Kimball v. Territory of Arizona

Decision Date25 March 1911
Docket NumberCriminal 295
PartiesELIAS S. KIMBALL and RICHARD A. SHIPP, Defendants and Appellants, v. TERRITORY OF ARIZONA, Respondent
CourtArizona Supreme Court

APPEAL from a judgment of the District Court of the Fifth Judicial District, in and for Graham County. Fletcher M. Doan, Judge. Reversed and remanded.

The facts are stated in the opinion.

Frederick S. Nave, A. C. McKillop and W. K. Dial, for Appellants.

The defendants should be discharged by reason of the insufficiency of the verdict to support a judgment of conviction. The jury found the defendants guilty of one element of the offense charged but of no more. "It is a very familiar principle in the administration of the criminal law that all the circumstances essential to sustaining the indictment must be expressly found by the jury, and the court cannot supply a defect in the finding of the jury by intendment of implication." Commonwealth v Call, 21 Pick. (Mass.) 513, 32 Am. Dec. 284; People v. Small, 1 Cal.App. 320, 82 P. 87; People v Cummings, 117 Cal. 497, 49 P. 576; United States v John, 1 Black (66 U.S.), 484, 17 L.Ed. 225; People v. Tilley, 135 Cal. 61, 67 P. 42; Ring v State, 42 Tex. 282; State v. French, 50 La. Ann. 461, 23 So. 606; State v. Oakley, 103 N.C. 408, 9 S.E. 575; People v. Lee, 237 Ill. 272, 86 N.E. 573. The verdict has been accepted and recorded and the jury discharged without our consent, and without finding us guilty of any crime, and in effect finding us not guilty of any crime. We have been in jeopardy and are entitled to be discharged. People v. Small, 1 Cal.App. 320, 82 P. 87; People v. Terrill, 132 Cal. 497, 64 P. 894; State v. Stephanus, 53 Or. 135, 99 P. 428, 17 Am. & Eng. Ann. Cas. 1146.

John B. Wright, Attorney General, for Respondent.

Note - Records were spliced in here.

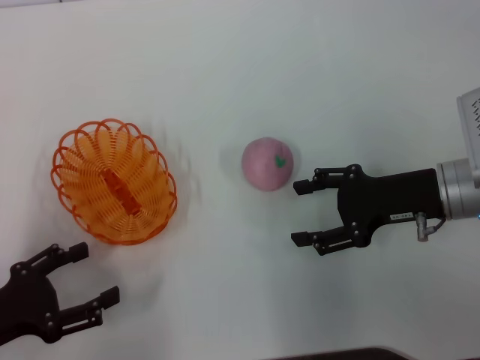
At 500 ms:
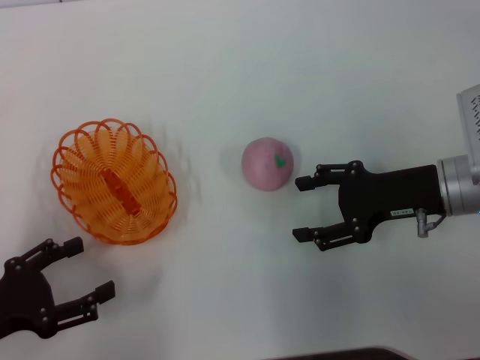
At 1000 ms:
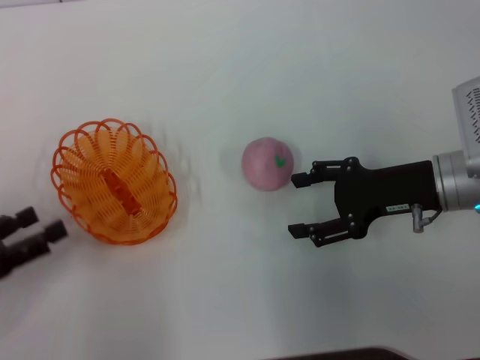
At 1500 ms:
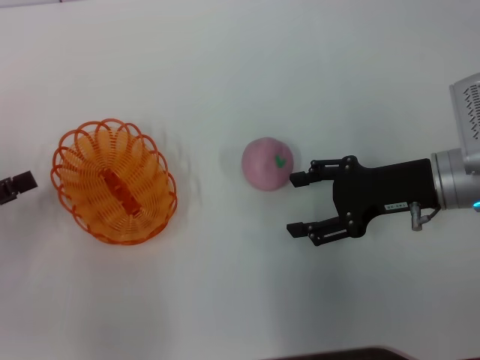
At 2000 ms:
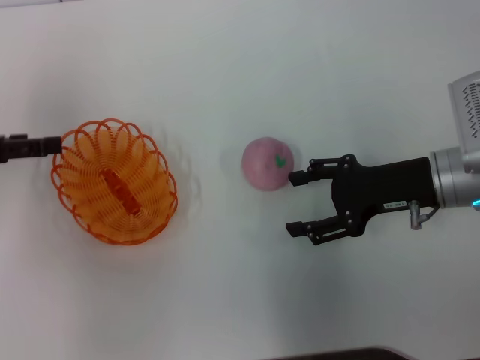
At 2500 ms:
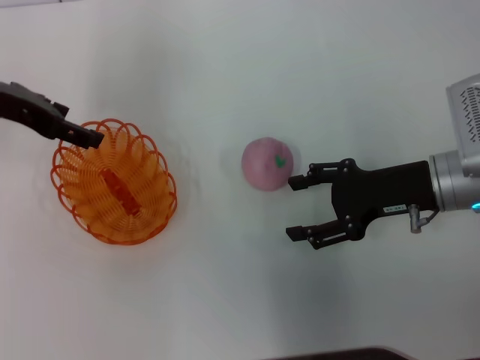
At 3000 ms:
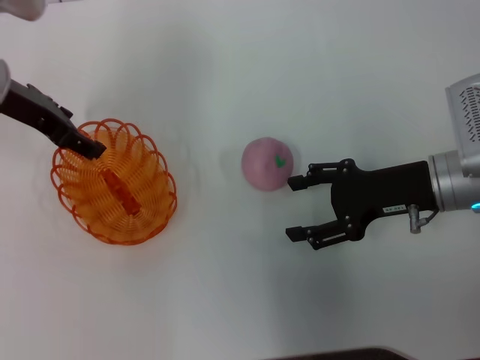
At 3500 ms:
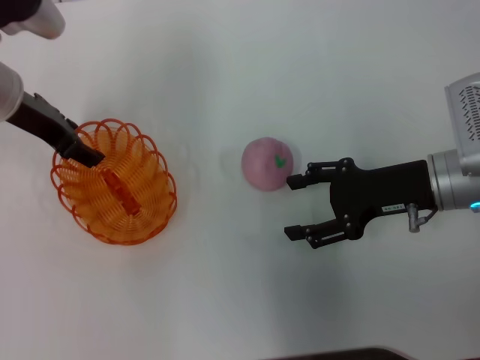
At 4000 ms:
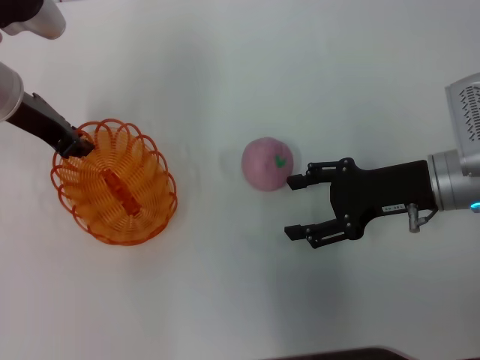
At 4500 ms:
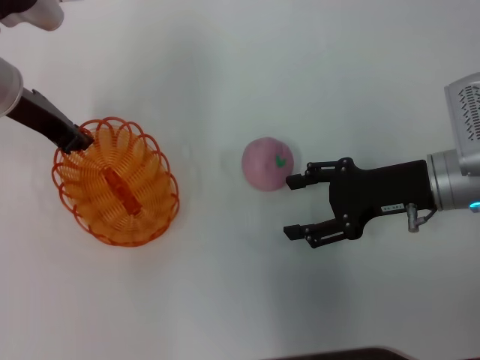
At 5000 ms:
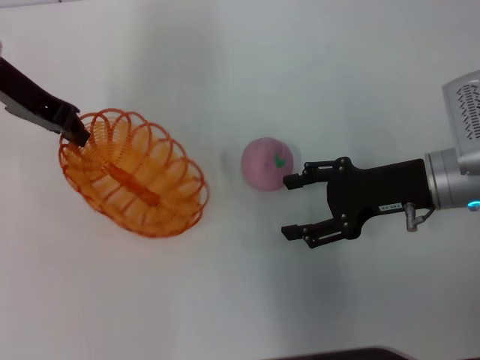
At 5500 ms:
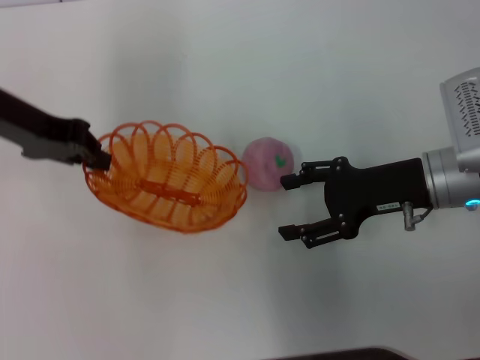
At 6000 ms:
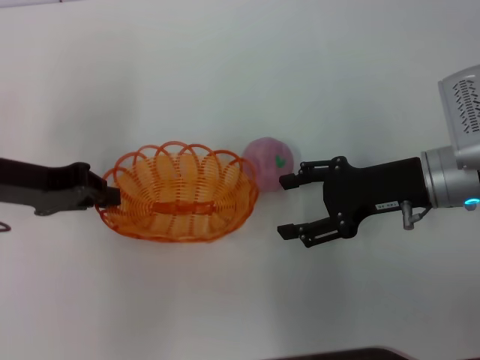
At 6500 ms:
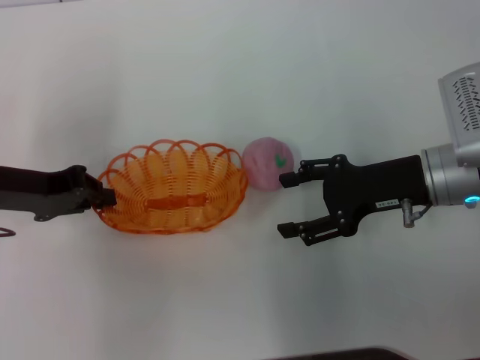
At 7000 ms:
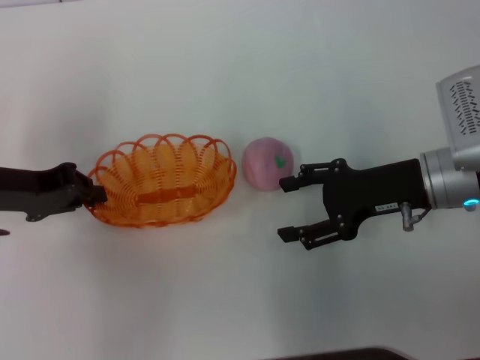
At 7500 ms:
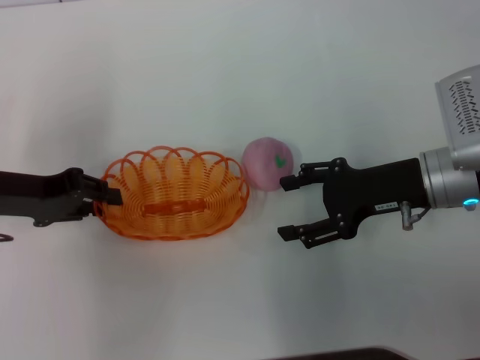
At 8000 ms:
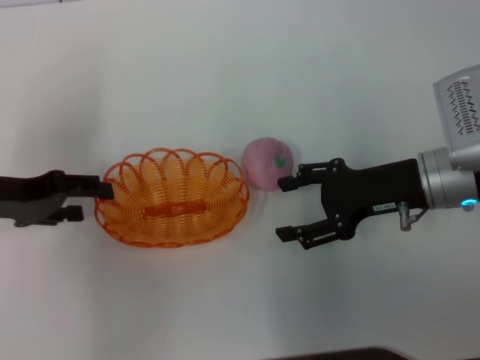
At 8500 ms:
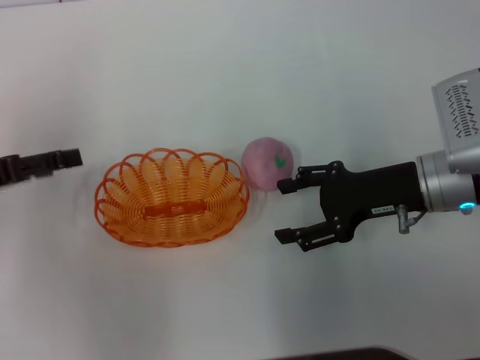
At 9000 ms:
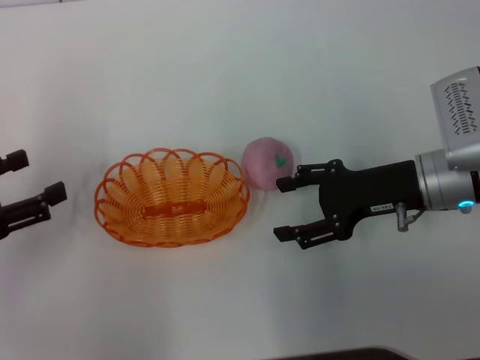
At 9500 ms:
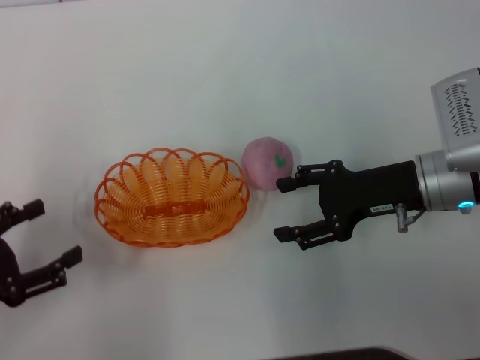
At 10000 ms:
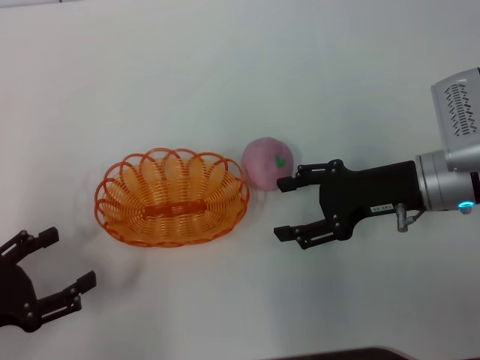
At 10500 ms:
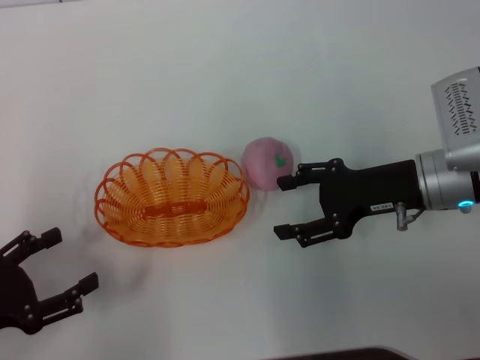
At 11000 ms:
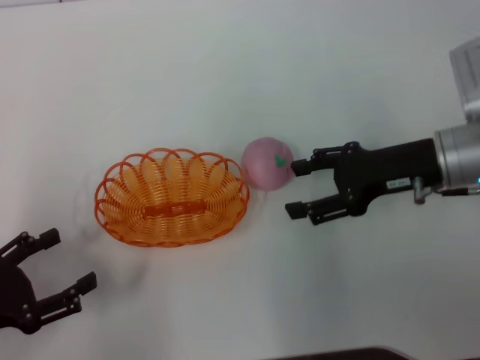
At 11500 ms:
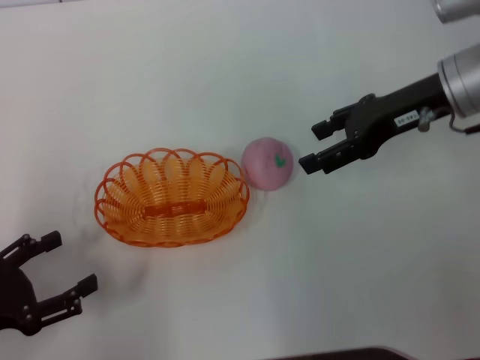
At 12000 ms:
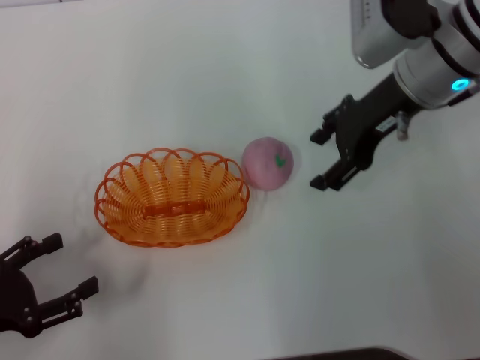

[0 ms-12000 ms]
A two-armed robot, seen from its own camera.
Step, 0 ms to 5000 ms: Pick up the basket with the left gripper.
Step, 5500 ms to 10000 ms: Place the basket in the center of view with the left gripper.
0 ms to 2000 ms: The left gripper shifts some 20 cm forward and upward.
2000 ms to 4000 ms: The left gripper travels to the right and forward by about 15 cm, and closes its fingers.
4000 ms to 6000 ms: The left gripper is displaced backward by about 10 cm, and closes up.
6000 ms to 8000 ms: The left gripper opens its fingers.
8000 ms to 10000 ms: The left gripper moves backward and downward, about 15 cm.
10000 ms to 12000 ms: The right gripper heads upward and forward, covering some 15 cm.

The indictment shows that the defendant, before the finding of the indictment, with intent to unlawfully and feloniously cheat and defraud one Layton, then and there unlawfully, knowingly and feloniously, by the use of a trick and deception, false and fraudulent representations, statements and pretenses, and by means and by use of the confidence game, committed the unlawful acts which the indictment specifically alleges to be felony. The statute is taken from the state of Missouri, and the construction of Missouri should therefore be controlling upon this court. State v. Wilson, 223 Mo. 156, 122 S.W. 701. "The verdict, 'guilty as charged in the indictment,' was justly found, and was good in law." People v. De Cleer, 60 Cal. 61. "The form of the verdict is immaterial, if the intention to convict of the crime is unmistakably expressed." People v. Tilley, 135 Cal. 61, 67 P. 42; People v. McCarty, 48 Cal. 557; People v. Jochinsky, 106 Cal. 638, 39 P. 1077.

OPINION

KENT, C.J.

The appellants were indicted under the provisions of section 489 of the Penal Code. This section, so far as applicable, reads as follows: "Every person who, with intent to cheat and defraud, shall obtain . . . from any other person . . . any money, property, or valuable thing whatever, by means or by use of any trick or deception, or false or fraudulent representation, or statement of pretense, or by any other means or instruments, or device, commonly called the 'confidence game,' . . . shall be deemed guilty of a felony." The jury rendered a verdict as follows: "We, the jury duly impaneled and sworn in the above-entitled action, upon our oaths do find the defendants guilty of obtaining property by false representations as charged in the indictment."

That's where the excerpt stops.